Sadly, this neglect, is not unfamiliar to Haitians.  Since its independence Haiti has struggled to achieve true independence from the United States, Canada and France.  The United States,  since the 1900’s has taken imperialist and racist policies which have affected Haitians socially and economically.  The earthquake relief efforts and aid, from USAID (US Agency for International Development) prove these imperialist policies have taken the form of charity.   

African Americans can identify with such policies!  The disaster that was FEMA’s response to Hurricane Katrina is one example.  Police repression and the shutting down of schools felt in Black and Haitian communities are other examples.   It is vital for people of the African Diaspora to connect.  We share parallel struggles!

To create the change needed to impact our lives, individually, socially and globally, we need to engage in dialogue, education and action together.  InSolidarity, The Black Alliance for Just Immigration (BAJI), Haiti Action Committee and Haiti Emergency Relief Fund are partnering to send a delegation of African American women to Haiti in 2013.  Creating an alternative relief network, that encourages sustainable, direct and concrete aid.  In this delegation we will engage with Haitians and learn first-hand how we can work together, through aid and advocacy.  

As a part of the project we will keep Delegation Journals discussing our experiences preparing for this experience.  We will discuss the trainings, forums and events we attend.  We will also discuss our various fundraising efforts,  one of which is the BAJI Holiday Auction, “Buy Black, Benefit BAJI”, hosted by Ebay.  In this auction BAJI, InSolidarity and community members and partners will sell art and handicrafts by people of the African Diaspora.  Items for the Haiti Delegation will be marked, and we received 80% of the revenue from that sell!  

The auction begins November 23, 2012 and ends December 18, 2012, International Migrants Day.  Please help up go to Haiti and donate art or buy art in the Auction!  

To learn more about InSolidarity continue to follow our Delegation Journals or check out our Facebook page,

April 17, 2012

Join BAJI and Stand with Haiti

The Black Alliance for Just Immigration and groups all across the U.S. are calling upon the Department of Homeland Security to create a Haitian Family Reunification Parole Program – like the still-ongoing Cuban Family Reunification Parole Program it created in 2007 and immediately grant visas to the 105,000 Haitians already approved

Before the January 20120 earthquake, Haitian democracy was and is still being subverted by the actions of the United States, France and other Western nations.

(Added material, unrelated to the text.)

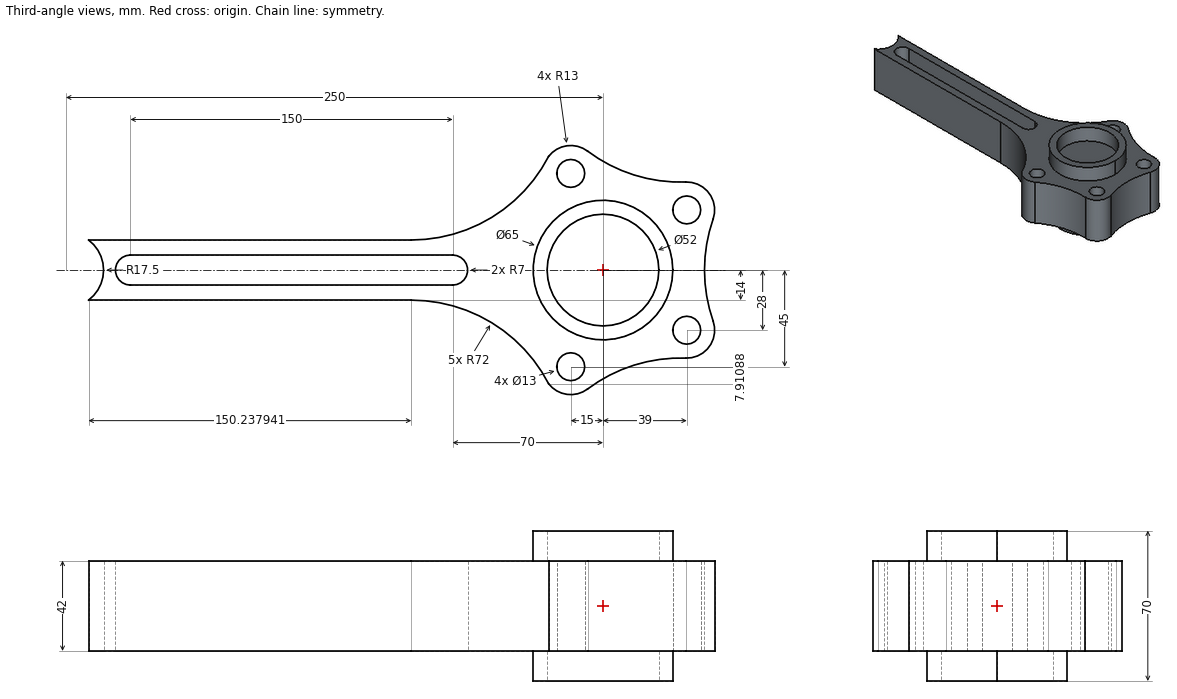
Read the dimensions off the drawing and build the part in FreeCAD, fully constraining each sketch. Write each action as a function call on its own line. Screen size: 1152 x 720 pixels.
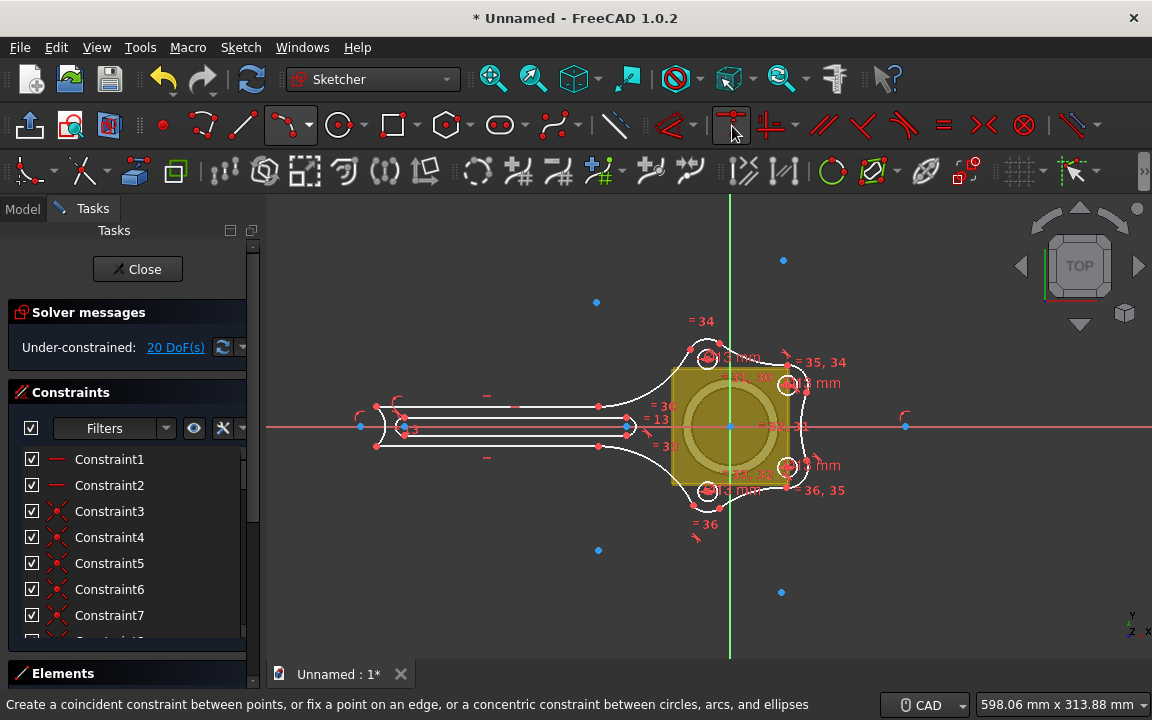
click(784, 261)

As a result, Haiti is the poorest country in the Americas. The earthquake was a devastating blow to the country. Like Katrina in New Orleans, the disaster in Haiti uncovered the underlying racism and economic exploitation that the people of Haiti have been suffering for centuries.

And like New Orleans, where black people were being demonized, criminalized and marginalized by the police, U.S. government, U.N. authorities, rightwing pundits and the U.S. media. There is much talk in the media about the endemic corruption in Haiti. Yet, there is no discussion about U.S. complicity in condoning and supporting dictators, US backing of the 2004 overthrow and kidnapping of Jean Bertrand Aristide, the democratically elected president of Haiti. Nothing is said about the long history of U.S. corporations exploiting Haitian workers in the foreign-owned sweatshops and factories. Despite billions of dollars in donations, 80% of the Haitian people are still living in poverty. Millions of unemployed and impoverished Haitians resided in and around the capital city of Port-au-Prince in substandard, earthquake-prone housing

Prior to the earthquake, the Department of Homeland Security (DHS) had approved the immigrant visa petitions of 105,000 Haitians. They must wait years longer in Haiti due to the visa backlog. This needs to happen immediately. And it can happen!

On May 15, 2012 the Petitions for Haitian Family Reunification will be given to the Oakland City Council. Desley Brooks will put forward for Council approval a Resolution in favor of processing Haitians immediately. We are calling on Oakland, Berkeley, San Francisco, Alameda and Contra Costa County residents to sign this petition in support of the resolution.



San Francisco:

Alameda County:

Contra Costa County:

Richmond City Council:

April 2, 2012

BAJI Book Club

Last Thursday the BAJI Book Club met for the second time at "The Fat Lady" in Jack London square. Over drinks, books and kindles we discussed Part Two of "The Warmth of Other Suns". Exodus. Topics of discussion included being a "Nerd of Color", "Mississippi Masala", What is means to be an ally, Travyon Martin, privilege and parallel struggles.

The beauty of the book, and its portrayal of African American migration, is its ability to draw upon shared experiences of people of color across the world. The Book Club, so far, has been a mixed bag, nationally, racially and ethnically speaking. But this novel has been able to touch everyone, personally.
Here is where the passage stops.